There will be no increase in the advisory fee payable by the Funds to BNYM Investment Adviser as a consequence of the Transaction and the sub-advisory fee payable by BNYM Investment Adviser to Alcentra under each New Sub-Advisory Agreement and each Interim Sub-Advisory Agreement will be the same as that payable by BNYM Investment Adviser to Alcentra under the applicable Current Sub-Advisory Agreement. Each New Sub-Advisory Agreement and Interim Sub-Advisory Agreement is substantially similar in material respects to the applicable Current Sub-Advisory Agreement and each Fund's investment strategy, management policies and portfolio managers currently are not expected to change in connection with the implementation of either agreement.
This press release is not a solicitation of any proxy. A proxy statement further describing the Transaction and the applicable New Sub-Advisory Agreement and requesting that shareholders of the applicable Fund vote to approve the applicable New Sub-Advisory Agreement will be mailed to shareholders of record at a later date. Shareholders should read the proxy materials carefully when they are available because they contain important information about Franklin Templeton, the Transaction and the applicable New Sub-Advisory Agreement.
BNY Mellon Investment Adviser, Inc., the investment adviser for the Fund, is part of BNY Mellon Investment Management.
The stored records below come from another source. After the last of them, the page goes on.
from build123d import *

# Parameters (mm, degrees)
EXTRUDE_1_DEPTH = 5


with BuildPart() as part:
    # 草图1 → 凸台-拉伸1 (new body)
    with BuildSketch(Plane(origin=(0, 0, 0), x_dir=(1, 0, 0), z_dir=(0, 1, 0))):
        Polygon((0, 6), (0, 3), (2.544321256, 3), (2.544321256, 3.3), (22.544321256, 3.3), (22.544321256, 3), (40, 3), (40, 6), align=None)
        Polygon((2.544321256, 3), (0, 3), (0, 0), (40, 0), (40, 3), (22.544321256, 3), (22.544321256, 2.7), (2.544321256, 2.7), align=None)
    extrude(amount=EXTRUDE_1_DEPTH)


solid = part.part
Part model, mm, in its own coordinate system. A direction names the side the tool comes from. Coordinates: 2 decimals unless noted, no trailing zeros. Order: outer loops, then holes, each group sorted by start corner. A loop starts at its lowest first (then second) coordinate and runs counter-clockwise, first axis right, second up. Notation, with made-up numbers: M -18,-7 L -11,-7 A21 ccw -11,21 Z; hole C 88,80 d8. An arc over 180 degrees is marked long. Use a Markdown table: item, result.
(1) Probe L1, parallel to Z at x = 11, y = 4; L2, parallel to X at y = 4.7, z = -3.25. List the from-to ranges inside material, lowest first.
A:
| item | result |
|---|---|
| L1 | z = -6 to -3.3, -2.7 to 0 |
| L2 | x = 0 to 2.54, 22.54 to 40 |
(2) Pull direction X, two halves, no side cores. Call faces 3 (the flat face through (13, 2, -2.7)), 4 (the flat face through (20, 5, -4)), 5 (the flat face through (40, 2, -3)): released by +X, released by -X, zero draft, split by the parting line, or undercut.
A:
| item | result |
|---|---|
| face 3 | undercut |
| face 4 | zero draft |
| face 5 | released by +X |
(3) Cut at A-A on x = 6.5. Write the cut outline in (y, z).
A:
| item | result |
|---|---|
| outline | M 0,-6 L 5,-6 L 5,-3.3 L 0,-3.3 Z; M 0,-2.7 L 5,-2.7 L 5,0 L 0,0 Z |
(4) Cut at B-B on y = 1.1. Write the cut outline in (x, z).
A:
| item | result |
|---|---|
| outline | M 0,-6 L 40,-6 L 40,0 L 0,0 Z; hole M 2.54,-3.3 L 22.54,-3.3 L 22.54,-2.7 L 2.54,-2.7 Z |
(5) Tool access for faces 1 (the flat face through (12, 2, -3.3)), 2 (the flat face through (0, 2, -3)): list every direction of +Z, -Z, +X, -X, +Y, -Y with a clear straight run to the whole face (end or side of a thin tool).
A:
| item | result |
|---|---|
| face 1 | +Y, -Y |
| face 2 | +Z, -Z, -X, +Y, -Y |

BNY Mellon Investment Management is one of the world’s largest asset managers, with $2.3 trillion in assets under management as of March 31, 2022. Through an investor-first approach, BNY Mellon Investment Management brings to clients the best of both worlds: specialist expertise from eight investment firms offering solutions across every major asset class, backed by the strength, stability, and global presence of BNY Mellon. Additional information on BNY Mellon Investment Management is available on www.bnymellonim.com.
BNY Mellon Investment Management is a division of BNY Mellon, which has $45.5 trillion in assets under custody and/or administration as of March 31, 2022. BNY Mellon can act as a single point of contact for clients looking to create, trade, hold, manage, service, distribute or restructure investments. BNY Mellon is the corporate brand of The Bank of New York Mellon Corporation (NYSE: BK). Additional information is available on www.bnymellon.com. Follow us on Twitter @BNYMellon or visit our newsroom at www.bnymellon.com/newsroom for the latest company news.
Each Fund's investment returns and principal values will fluctuate so that an investor’s shares may be worth more or less than the original cost. There is no assurance that a Fund will achieve its investment objective.
This release is for informational purposes only and should not be considered as investment advice or a recommendation of any particular security.